— RECORDS FOR THIS EXERCISE —
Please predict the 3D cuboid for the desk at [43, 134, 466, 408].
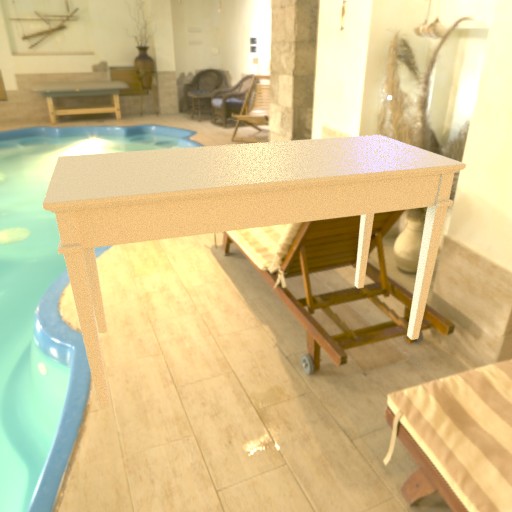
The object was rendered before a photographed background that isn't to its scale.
[{"bbox_3d":[0.000,0.000,1.775,1.372,0.774,0.559,-8,27,-16],"label":"desk"}]
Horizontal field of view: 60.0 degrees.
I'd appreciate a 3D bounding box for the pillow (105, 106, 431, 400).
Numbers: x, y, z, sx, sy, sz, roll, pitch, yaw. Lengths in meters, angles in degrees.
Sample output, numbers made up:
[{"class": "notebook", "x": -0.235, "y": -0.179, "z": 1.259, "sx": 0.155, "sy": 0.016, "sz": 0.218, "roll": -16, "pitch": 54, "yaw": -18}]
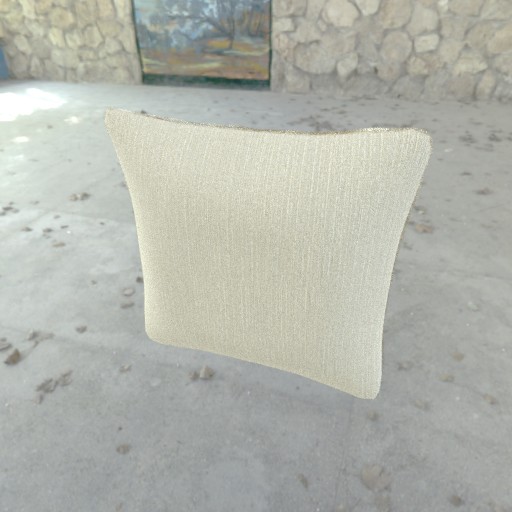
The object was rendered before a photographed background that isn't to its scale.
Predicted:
[{"class": "pillow", "x": 0.000, "y": 0.000, "z": 0.830, "sx": 0.538, "sy": 0.525, "sz": 0.216, "roll": 10, "pitch": 32, "yaw": 16}]
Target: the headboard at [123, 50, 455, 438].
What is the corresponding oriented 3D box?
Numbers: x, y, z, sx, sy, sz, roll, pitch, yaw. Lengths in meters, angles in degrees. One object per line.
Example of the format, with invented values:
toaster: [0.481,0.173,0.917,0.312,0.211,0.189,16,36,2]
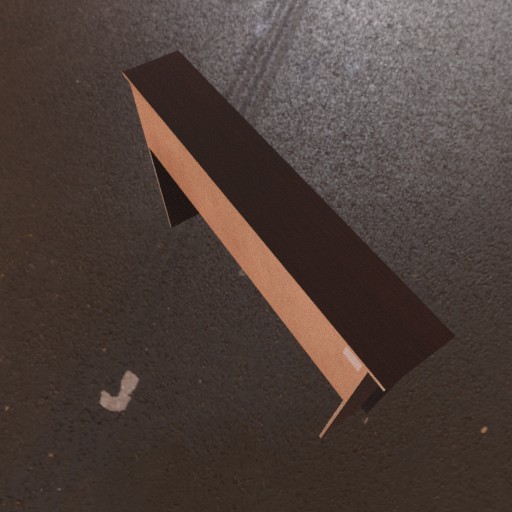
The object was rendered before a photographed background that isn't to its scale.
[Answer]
headboard: [0.000,0.000,2.086,0.279,1.092,1.671,-30,63,-17]
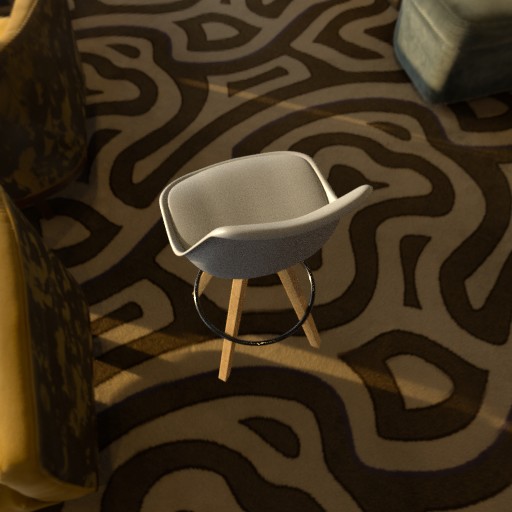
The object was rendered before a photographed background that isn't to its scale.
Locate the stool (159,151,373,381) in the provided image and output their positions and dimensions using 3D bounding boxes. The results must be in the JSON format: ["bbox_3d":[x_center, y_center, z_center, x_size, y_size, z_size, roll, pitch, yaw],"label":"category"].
[{"bbox_3d":[0.000,0.000,1.403,0.485,1.115,0.550,-17,61,-10],"label":"stool"}]
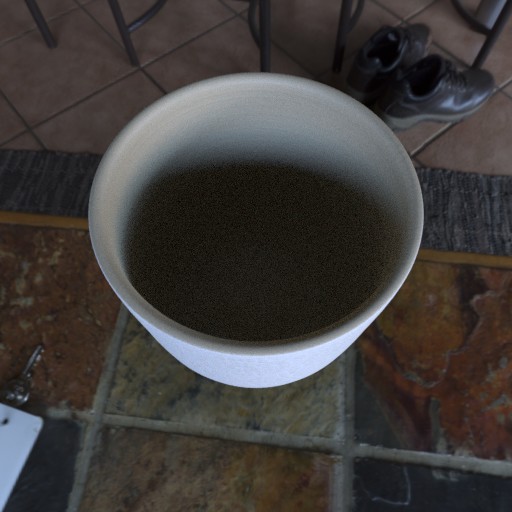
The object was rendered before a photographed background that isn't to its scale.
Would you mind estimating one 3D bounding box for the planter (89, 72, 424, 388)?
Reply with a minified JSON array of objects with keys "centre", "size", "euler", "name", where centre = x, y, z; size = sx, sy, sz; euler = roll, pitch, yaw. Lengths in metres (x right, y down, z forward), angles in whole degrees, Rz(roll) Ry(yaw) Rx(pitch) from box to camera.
[{"centre":[0.000,0.000,0.362],"size":[0.208,0.190,0.208],"euler":[0,64,0],"name":"planter"}]
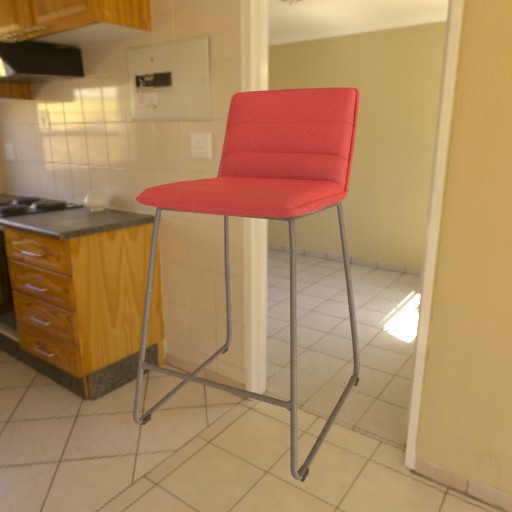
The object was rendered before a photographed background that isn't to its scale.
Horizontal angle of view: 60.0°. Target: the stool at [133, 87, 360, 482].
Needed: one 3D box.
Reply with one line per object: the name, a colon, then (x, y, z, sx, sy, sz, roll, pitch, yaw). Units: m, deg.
stool: (0.000, 0.000, 1.168, 0.489, 0.866, 0.524, 7, 17, 25)
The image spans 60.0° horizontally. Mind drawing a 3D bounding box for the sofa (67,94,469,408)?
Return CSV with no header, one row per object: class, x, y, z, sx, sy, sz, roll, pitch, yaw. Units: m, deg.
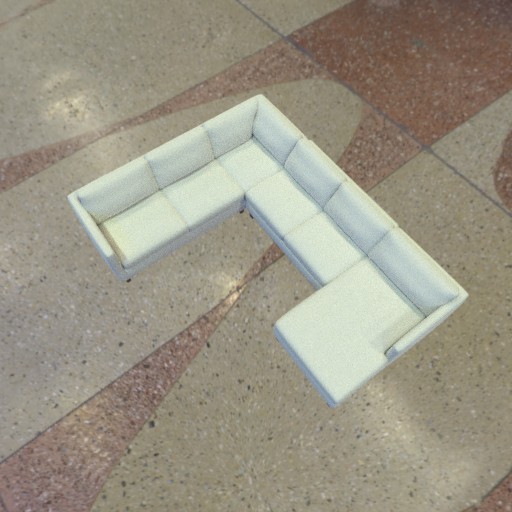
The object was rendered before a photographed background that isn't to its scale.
sofa,0.000,0.000,4.545,2.551,0.853,3.238,-33,67,-16
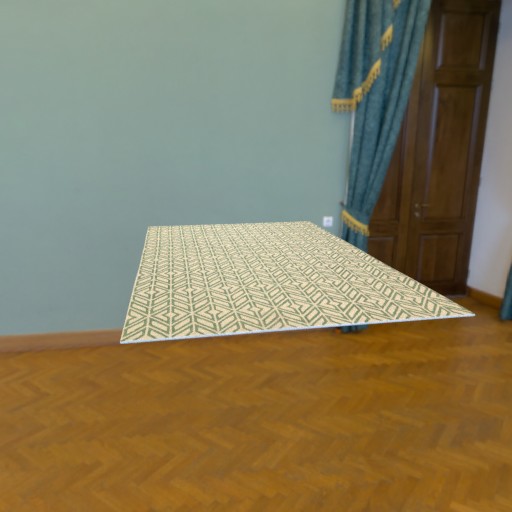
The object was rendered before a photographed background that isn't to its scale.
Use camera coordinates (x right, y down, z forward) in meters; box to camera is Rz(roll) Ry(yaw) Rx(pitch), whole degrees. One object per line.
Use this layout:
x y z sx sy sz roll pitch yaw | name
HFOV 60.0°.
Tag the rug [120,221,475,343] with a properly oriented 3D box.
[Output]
0.000 0.000 2.982 1.517 0.011 2.435 -3 15 -10 | rug
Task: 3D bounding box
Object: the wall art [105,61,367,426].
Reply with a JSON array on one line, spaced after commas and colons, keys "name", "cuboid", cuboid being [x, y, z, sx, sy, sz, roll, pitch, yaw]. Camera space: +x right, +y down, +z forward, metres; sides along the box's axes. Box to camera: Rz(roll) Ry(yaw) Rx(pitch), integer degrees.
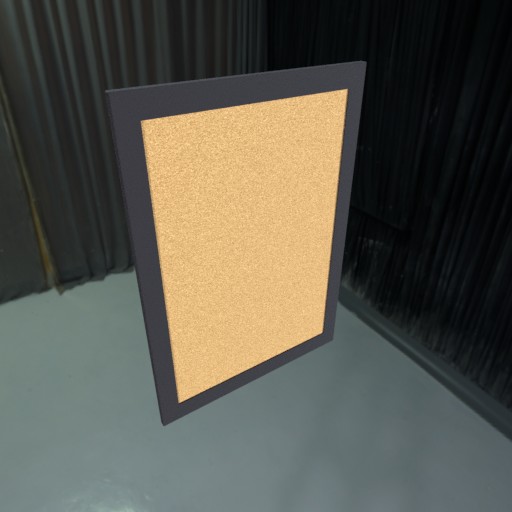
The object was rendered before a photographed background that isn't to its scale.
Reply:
[{"name": "wall art", "cuboid": [0.000, 0.000, 0.687, 0.374, 0.529, 0.012, -19, 37, -28]}]

— BRIEF —
Set down the entire material verbatim, with each picture left out.

— RESPONSE BOX —
Please predict the 3D cuboid for the desk at [43, 134, 466, 408].
The object was rendered before a photographed background that isn't to its scale.
[{"bbox_3d":[0.000,0.000,1.775,1.372,0.774,0.559,-8,27,-16],"label":"desk"}]
Horizontal field of view: 60.0 degrees.
I'd appreciate a 3D bounding box for the pillow (105, 106, 431, 400).
Numbers: x, y, z, sx, sy, sz, roll, pitch, yaw. Lengths in meters, angles in degrees.
Sample output, numbers made up:
[{"class": "notebook", "x": -0.235, "y": -0.179, "z": 1.259, "sx": 0.155, "sy": 0.016, "sz": 0.218, "roll": -16, "pitch": 54, "yaw": -18}]
The object was rendered before a photographed background that isn't to its scale.
Predicted:
[{"class": "pillow", "x": 0.000, "y": 0.000, "z": 0.830, "sx": 0.538, "sy": 0.525, "sz": 0.216, "roll": 10, "pitch": 32, "yaw": 16}]
Target: the headboard at [123, 50, 455, 438].
What is the corresponding oriented 3D box?
Numbers: x, y, z, sx, sy, sz, roll, pitch, yaw. Lengths in meters, angles in degrees. One object per line.
Example of the format, with invented values:
toaster: [0.481,0.173,0.917,0.312,0.211,0.189,16,36,2]
The object was rendered before a photographed background that isn't to its scale.
[Answer]
headboard: [0.000,0.000,2.086,0.279,1.092,1.671,-30,63,-17]
The object was rendered before a photographed background that isn't to its scale.
Locate the stool (159,151,373,381) in the provided image and output their positions and dimensions using 3D bounding boxes. The results must be in the JSON format: ["bbox_3d":[x_center, y_center, z_center, x_size, y_size, z_size, roll, pitch, yaw],"label":"category"].
[{"bbox_3d":[0.000,0.000,1.403,0.485,1.115,0.550,-17,61,-10],"label":"stool"}]
The object was rendered before a photographed background that isn't to its scale.
Would you mind estimating one 3D bounding box for the planter (89, 72, 424, 388)?
Reply with a minified JSON array of objects with keys "centre", "size", "euler", "name", where centre = x, y, z; size = sx, sy, sz; euler = roll, pitch, yaw. Lengths in metres (x right, y down, z forward), angles in whole degrees, Rz(roll) Ry(yaw) Rx(pitch) from box to camera.
[{"centre":[0.000,0.000,0.362],"size":[0.208,0.190,0.208],"euler":[0,64,0],"name":"planter"}]
The object was rendered before a photographed background that isn't to its scale.
Horizontal angle of view: 60.0°. Target: the stool at [133, 87, 360, 482].
Needed: one 3D box.
Reply with one line per object: the name, a colon, then (x, y, z, sx, sy, sz, roll, pitch, yaw). Units: m, deg.
stool: (0.000, 0.000, 1.168, 0.489, 0.866, 0.524, 7, 17, 25)
The image spans 60.0° horizontally. Mind drawing a 3D bounding box for the sofa (67,94,469,408)?
Return CSV with no header, one row per object: class, x, y, z, sx, sy, sz, roll, pitch, yaw. Units: m, deg.
The object was rendered before a photographed background that isn't to its scale.
sofa,0.000,0.000,4.545,2.551,0.853,3.238,-33,67,-16
The object was rendered before a photographed background that isn't to its scale.
Use camera coordinates (x right, y down, z forward) in meters; box to camera is Rz(roll) Ry(yaw) Rx(pitch), whole degrees. One object per line.
Use this layout:
x y z sx sy sz roll pitch yaw | name
HFOV 60.0°.
Tag the rug [120,221,475,343] with a properly oriented 3D box.
[Output]
0.000 0.000 2.982 1.517 0.011 2.435 -3 15 -10 | rug
Task: 3D bounding box
Object: the wall art [105,61,367,426].
Reply with a JSON array on one line, spaced after commas and colons, keys "name", "cuboid", cuboid being [x, y, z, sx, sy, sz, roll, pitch, yaw]. Camera space: +x right, +y down, +z forward, metres; sides along the box's axes. Box to camera: Rz(roll) Ry(yaw) Rx(pitch), integer degrees.
The object was rendered before a photographed background that isn't to its scale.
Reply:
[{"name": "wall art", "cuboid": [0.000, 0.000, 0.687, 0.374, 0.529, 0.012, -19, 37, -28]}]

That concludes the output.